For most dancers, the intimacy and emotions felt from their craft are beyond comparison. Patricia Sandback, dance performer, choreographer and professor at San Diego State for the past 43 years, can remember the first time she fell in love with dance.
“My first inspiration about dancing was seeing ‘The Red Shoes,’ this iconic 1948 film when I was, I don’t know, 11 years old,” Sandback said. “I had this vision of wanting to be in that world.”
Sandback, who grew up in St. Paul, Minnesota, had the idea early on that she wanted to become a dancer.
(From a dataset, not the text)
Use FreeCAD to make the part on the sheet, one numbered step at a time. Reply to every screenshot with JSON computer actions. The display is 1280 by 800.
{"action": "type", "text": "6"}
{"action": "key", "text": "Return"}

However, she didn’t start to focus intensely on dance until she was in college at the University of Minnesota.
“Although I took dance for one year of ballet when I was 13, it then stopped and I didn’t start taking dance again until I was in college, where I was a physical education major,” Sandback said. “And so I went back to dancing at that time. I would say I did not have the typical ‘start at eight years old’ dance career. I really started to learn serious dance as an adult.”
Sandback started teaching at SDSU in 1972, and she has been largely involved with San Diego’s dance community ever since she moved to the city from Minnesota with her husband. Specializing in modern dance, Sandback has created over 130 dances that have been featured in performances at SDSU with her own productions, Patricia Sandback and Dancers and Big Ladies, as well as many other professional dance companies.
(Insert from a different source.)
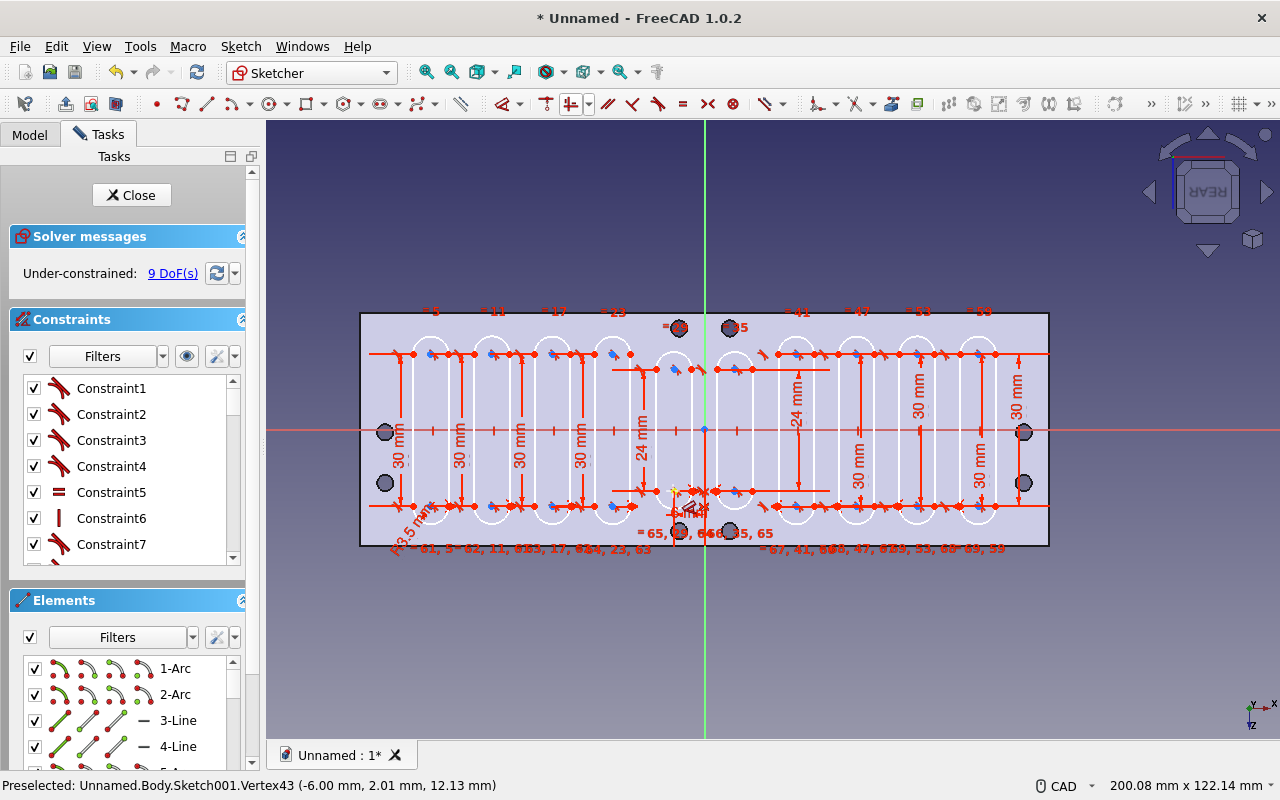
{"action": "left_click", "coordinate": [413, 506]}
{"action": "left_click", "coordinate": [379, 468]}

“One of my responsibilities here as a dance teacher is to set a work on the students every year to perform in May, and I love doing that,” Sandback said. “I have probably done 25 or 30 years of it. I’ve really loved working with the students and that has been a large body of my choreographic work.”
The upcoming dance concert presented by SDSU’s School of Music and Dance and directed by Sandback, “Body History: Patricia Sandback and Dancers,” will be in celebration of her impactful career in SDSU’s dance program, as she will be retiring at the end of the 2015 spring semester.
Many different people have mentored and given support to Sandback throughout her career, and the Body History concert is a reflection of those who she has worked with, as well as the past and future of her career. The 13 non-student performers and seven University Dance Company performers featured in Body History span an age range of 57 years, all dancers who have shared their talents with Sandback at some point in time.
“I’ve worked in different ways with all of the dancers ever since I began creating work in San Diego,” Sandback said. “I wanted to show the whole range and history of what every individual’s training and aspirations about dance have brought together.”
“Body History” premieres at 7:30 p.m. on March 13 and 14 in the SDSU Studio Theater, located in room 200 of the Exercise and Nutritional Science Building. The concert will showcase Sandback’s passion and love for dance that has never stopped growing throughout her life.
“Except for a few years in my teens when I wasn’t taking class, I’ve always had dance in my life,” Sandback said. “I have no idea to know what life would be like without it.”
Sandback will also take the “Body History” concert to the San Diego Dance Theater’s Live Arts Fest in April. Although she is retiring this spring, Sandback can’t imagine not being involved with the SDSU dance community after she leaves, and she will continue to work on various choreographic projects as an active member of San Diego’s dance community.